Furthermore, remember the Roxa is approved in Japan and China, and likely will be approved in Europe this year. FGEN presented data at the AdComm, which appeared to indicate that there are less adverse events/safety signal with Roxa in China. Despite the AdComm's lopsided vote, as at least 3 or 4 AdComm members concluded, there is a reasonable case to be made with the existing data that Roxa should be approved, at least for certain subpopulations even with the existing data.

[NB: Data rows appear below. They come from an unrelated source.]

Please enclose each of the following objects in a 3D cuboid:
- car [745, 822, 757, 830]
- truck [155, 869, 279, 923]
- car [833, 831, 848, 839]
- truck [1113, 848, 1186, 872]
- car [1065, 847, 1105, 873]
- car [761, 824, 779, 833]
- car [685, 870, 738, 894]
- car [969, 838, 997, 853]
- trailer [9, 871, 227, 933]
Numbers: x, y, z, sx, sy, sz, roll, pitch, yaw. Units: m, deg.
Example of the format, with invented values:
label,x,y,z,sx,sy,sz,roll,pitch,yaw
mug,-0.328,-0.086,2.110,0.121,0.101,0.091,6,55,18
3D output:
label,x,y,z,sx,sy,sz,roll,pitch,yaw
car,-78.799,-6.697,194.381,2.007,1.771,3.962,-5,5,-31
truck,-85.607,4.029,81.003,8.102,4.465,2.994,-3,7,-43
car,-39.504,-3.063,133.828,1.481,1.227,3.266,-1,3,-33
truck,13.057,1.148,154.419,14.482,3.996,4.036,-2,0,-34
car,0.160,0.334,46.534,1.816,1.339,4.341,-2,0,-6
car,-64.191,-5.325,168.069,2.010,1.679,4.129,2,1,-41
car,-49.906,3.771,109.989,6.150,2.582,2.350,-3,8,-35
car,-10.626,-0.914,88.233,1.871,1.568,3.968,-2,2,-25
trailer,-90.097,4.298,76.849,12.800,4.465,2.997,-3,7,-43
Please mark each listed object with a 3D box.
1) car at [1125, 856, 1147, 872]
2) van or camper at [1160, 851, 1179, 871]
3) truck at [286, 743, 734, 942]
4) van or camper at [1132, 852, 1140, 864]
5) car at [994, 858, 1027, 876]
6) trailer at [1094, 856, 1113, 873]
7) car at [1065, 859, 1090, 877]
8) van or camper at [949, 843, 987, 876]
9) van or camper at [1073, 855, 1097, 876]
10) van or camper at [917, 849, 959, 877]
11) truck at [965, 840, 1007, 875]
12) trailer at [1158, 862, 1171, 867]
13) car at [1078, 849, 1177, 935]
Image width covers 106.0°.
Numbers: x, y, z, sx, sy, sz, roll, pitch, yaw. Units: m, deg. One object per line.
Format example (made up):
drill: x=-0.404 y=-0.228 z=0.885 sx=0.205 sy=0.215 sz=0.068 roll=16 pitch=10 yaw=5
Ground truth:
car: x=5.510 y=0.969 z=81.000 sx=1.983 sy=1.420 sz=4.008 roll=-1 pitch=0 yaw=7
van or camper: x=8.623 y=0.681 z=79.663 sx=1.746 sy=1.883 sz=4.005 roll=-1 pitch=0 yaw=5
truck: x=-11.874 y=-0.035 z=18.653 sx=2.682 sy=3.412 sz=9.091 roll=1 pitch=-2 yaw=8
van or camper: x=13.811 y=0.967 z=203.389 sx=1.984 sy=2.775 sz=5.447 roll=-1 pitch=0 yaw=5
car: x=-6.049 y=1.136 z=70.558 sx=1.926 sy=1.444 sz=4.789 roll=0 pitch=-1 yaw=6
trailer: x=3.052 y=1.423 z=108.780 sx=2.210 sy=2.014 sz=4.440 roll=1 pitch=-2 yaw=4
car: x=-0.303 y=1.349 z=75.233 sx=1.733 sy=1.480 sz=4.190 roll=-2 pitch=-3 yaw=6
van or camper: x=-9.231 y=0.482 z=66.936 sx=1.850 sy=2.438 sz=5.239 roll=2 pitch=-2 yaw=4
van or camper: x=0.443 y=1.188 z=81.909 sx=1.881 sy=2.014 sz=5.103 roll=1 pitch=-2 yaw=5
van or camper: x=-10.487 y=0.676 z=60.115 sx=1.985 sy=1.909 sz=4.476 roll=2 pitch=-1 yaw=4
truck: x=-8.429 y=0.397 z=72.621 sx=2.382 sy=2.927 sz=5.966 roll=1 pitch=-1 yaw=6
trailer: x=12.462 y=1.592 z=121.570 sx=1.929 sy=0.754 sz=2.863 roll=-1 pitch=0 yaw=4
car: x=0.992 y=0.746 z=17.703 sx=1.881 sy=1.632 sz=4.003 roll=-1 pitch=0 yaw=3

As we concluded previously, even if ROXA gets a negative view of the AdComm on DD, FGEN in our view still is worth more than $1B and arguably could still be valued at $2 billion, given the ex-U.S. Roxa market and current Pembrolizumab (Phase 3 asset) value. Of course we have to weigh the future cost of the likely investor litigation and settlement, and future Roxa Phase 3 trial(s) with the new dosing schedule, which will likely be hefty. But FGEN had about 2 years of cash/equivalents as of the end of Q1 with over $650 million in cash and a burn rate of around $70M/quarter. Thus, FGEN is well funded. And even if Astra Zeneca pulls our of Roxa in the U.S., FGEN could likely fund at least phase 3 trials in either NDD or DD. Thus, in our view, FGEN is attractive at the current price. There may be another negative bump with a likely upcoming FDA CRL, but most of that is built into the current price. And China sales data, approval in Europe, and possible positive data in CIA could be positive catalysts for FGEN this year. And who knows, an approval for any indication by the FDA, longshot as it seems currently, would be a nice positive surprise too. Thus, we are holding our FGEN positions going forward, and might return them back to their pre-AdComm levels in the coming month.


This article is not investment, tax, or legal advice. Please do you own diligence and seek advice from professional advisors representing your interests.


Article history:

7/18/21 initial published at ~ 7PM Central

7/19/21 Added the fifth possible 2021 catalyst event.